In 2008, for instance, according to data from the non-partisan “Center for Responsive Politics,” some 75 percent of 527 spending by the top 50 527 organizations was spent by organizations advancing a liberal agenda. Other analyses of 527 campaign spending show an even greater Republican disadvantage.

This massive spending by public employee unions explains a bit about how we have gotten one party rule in Washington.

It also explains a bit about why one-third of the $787 billion stimulus package went to state and local governments to support public employee jobs. Michael Barone, of the American Enterprise Institute, points out that while private-sector employment has dropped 6 percent during the recession, public-sector employment has dropped only 1 percent—even while state and federal governments wrestle with massive budget deficits.

The colossal investment by public employee unions in Democratic campaigns has paid off. More than 3.4 million Americans lost their jobs in 2009, but the number of state, federal and local government employees represented by unions rose by 64,000, according to a study of Bureau of Labor Statistics data by the Heritage Foundation

Perhaps of greater concern than crass political payback through a pork-laden stimulus bill is the impact of public employee spending on the local level. In a trend that started in California and has spread nationwide, public employee unions have been pouring money into local city council races, then sit across the table to negotiate benefits with the very councilmembers they helped get elected. The result of having advocates on both sides of the table has been outrageous pensions for public employees that are causing municipalities to go broke.

With a ballooning bill for its pension fund, the City of San Diego recently commissioned a survey to ask residents which essential services that they would be willing to cut in order to fully fund the city’s pension system. San Diegans are being asked to choose between trash pick-up and libraries, while city bureaucrats retire with packages valued in excess of a million dollars.

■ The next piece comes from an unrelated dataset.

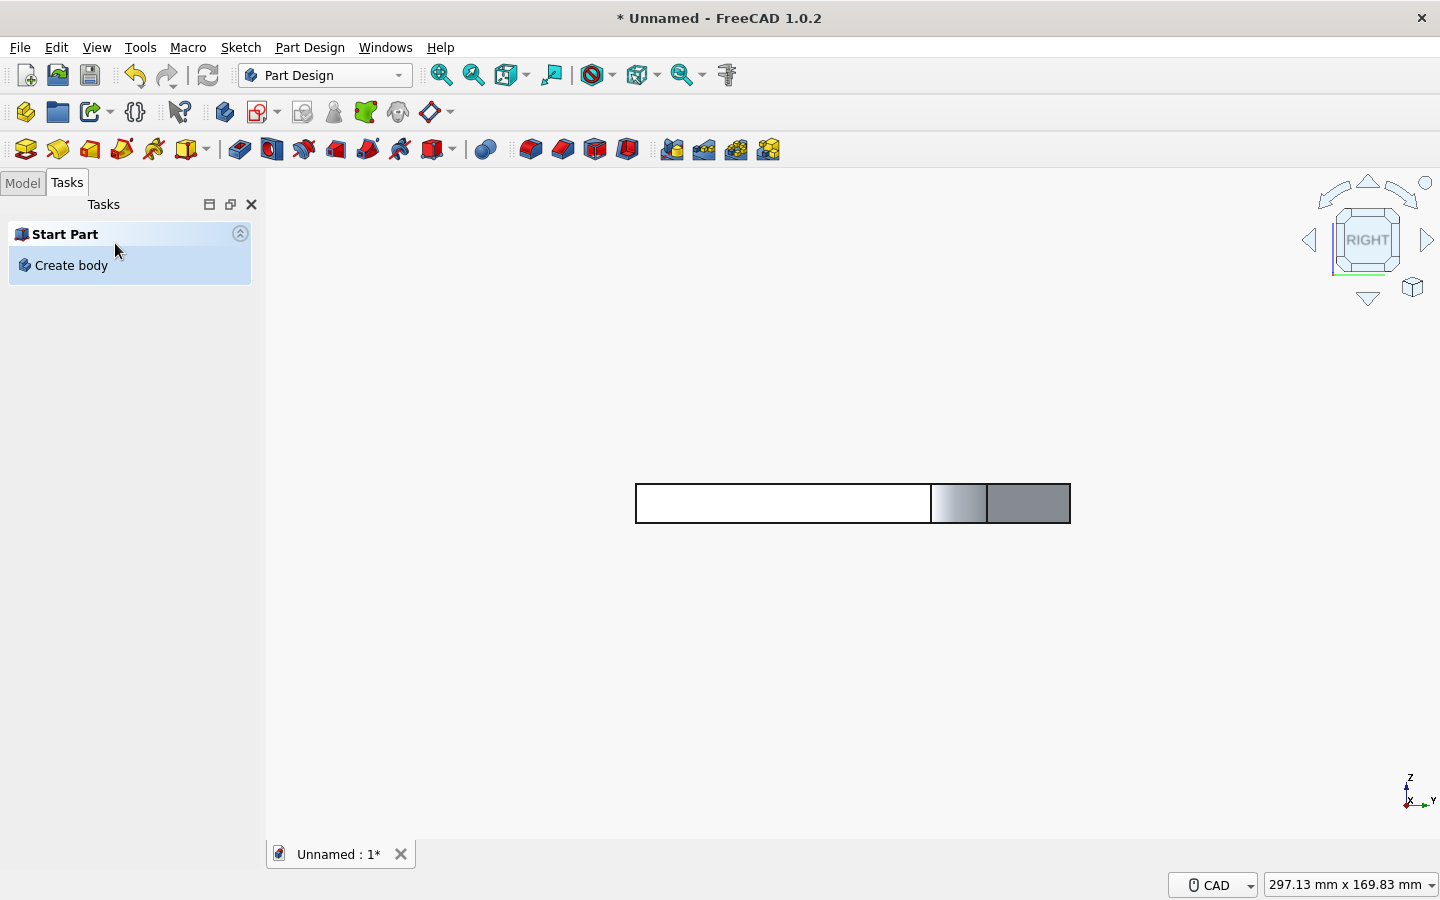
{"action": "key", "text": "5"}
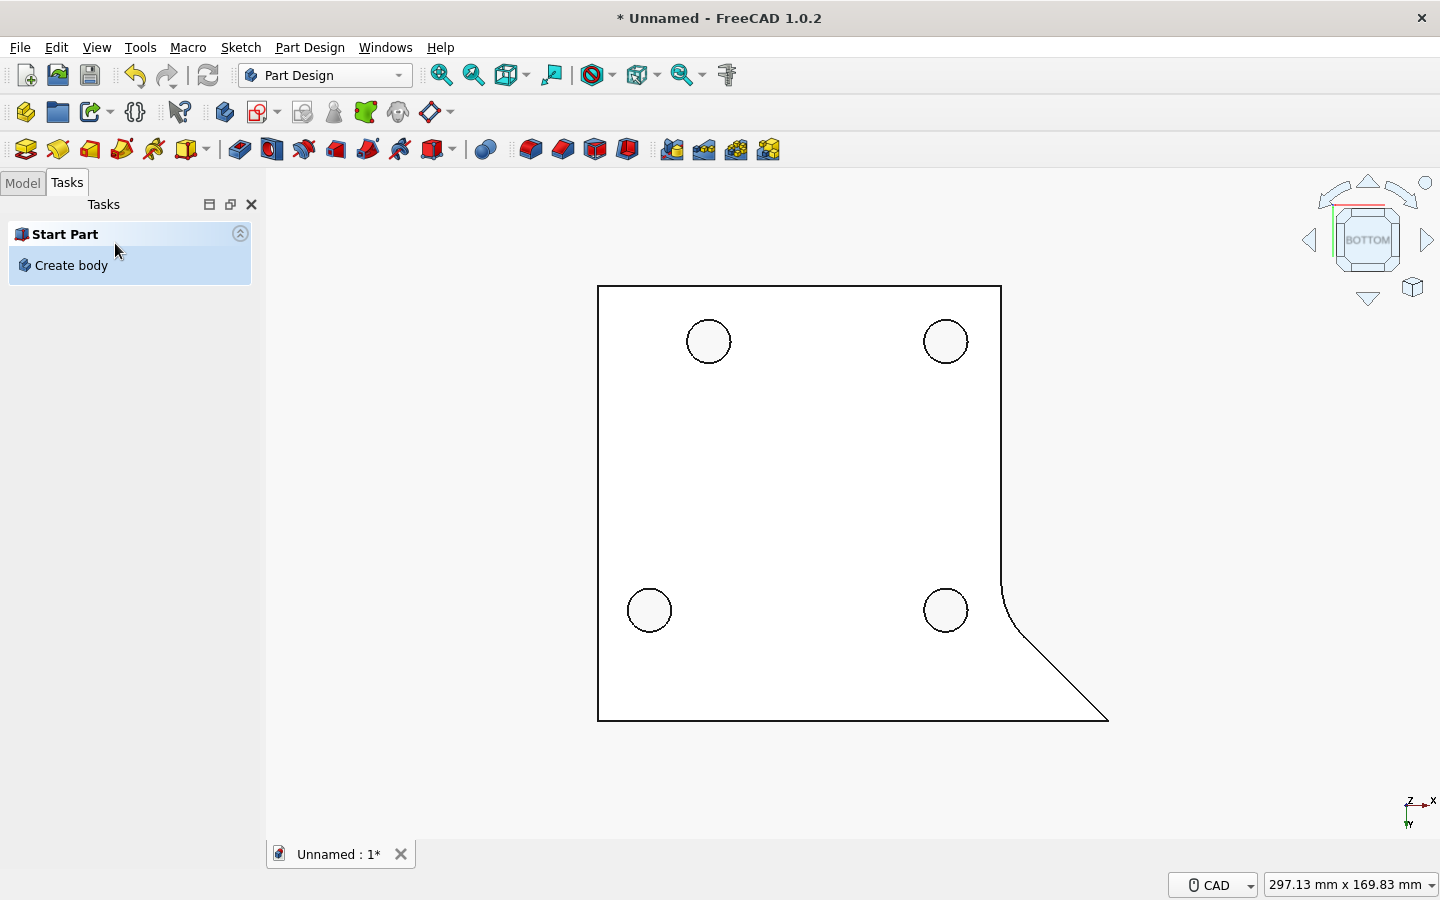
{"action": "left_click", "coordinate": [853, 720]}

The next time you flip by the shouters on MSNBC, or see the president of the United States call out the Supreme Court in a major speech, ask yourself where was the outrage at the excesses of public employee unions?

Liberals are always champions of free speech, as long as the speaker advances their speech.

Jason Roe is a founder and partner at Revolvis Consulting, a Republican campaign and public relations firm and is based in San Diego, Calif., and Washington, D.C.  He has been involved in politics and public policy for nearly 20 years.